When I went from 19 to 20, I was just disappointed because I still wasn’t old enough to drink (and it really didn’t matter since I grew up next to
29 to 30 was tough. Being in my 20’s meant I was still young and it didn’t matter if I had a career, it didn’t matter if I wasn’t married or if I had kids because “I was still young and had my whole life ahead of me to make those things happen". I wore all black on this day 10 years ago in mourning of the death of my 20's .

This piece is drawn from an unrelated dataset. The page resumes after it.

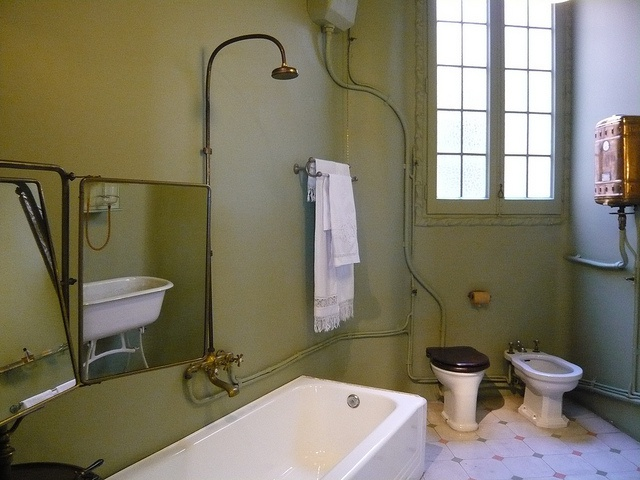Describe the objects in this image and their specific colors. I can see sink in olive, gray, and black tones, toilet in olive and gray tones, and toilet in olive, black, tan, darkgray, and gray tones in this image. 
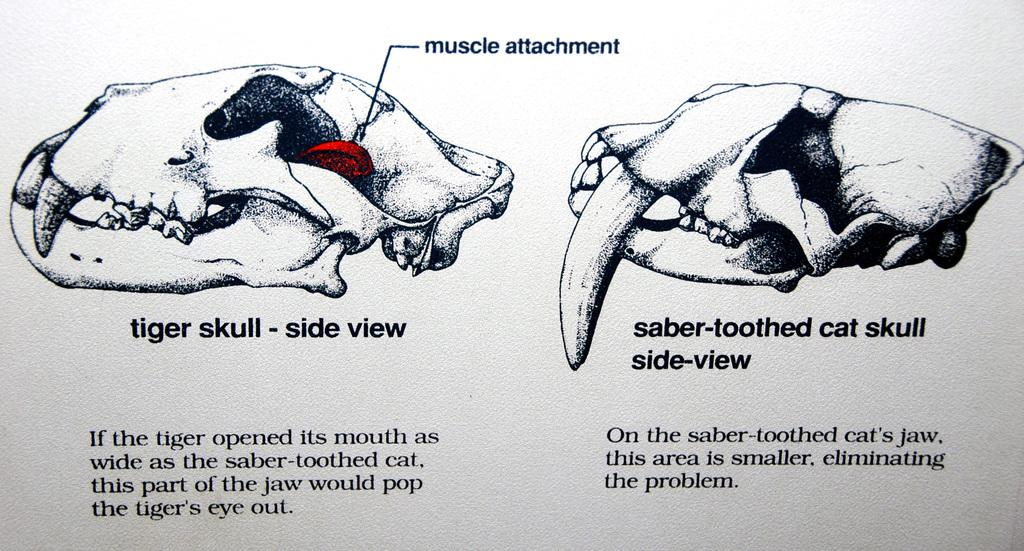What type of images are on the paper in the image? There are pictures of skulls on the paper. What else can be found at the bottom of the paper? There is text at the bottom of the paper. What type of apparel is being washed in the tub in the image? There is no tub or apparel present in the image. How much waste is visible in the image? There is no waste visible in the image.

Now going from 39 to 40 I had better have my ducks in a row. I am now at an age that it’s “risky” for me to have kids. If I wasn’t married, I would definitely be an “old maid” and as for a career – well being a woman I get some grace for that one. But it also means that I am almost middle aged, my youth is fading, I doubt that I will be carded anytime soon without plastic surgery or Botox first.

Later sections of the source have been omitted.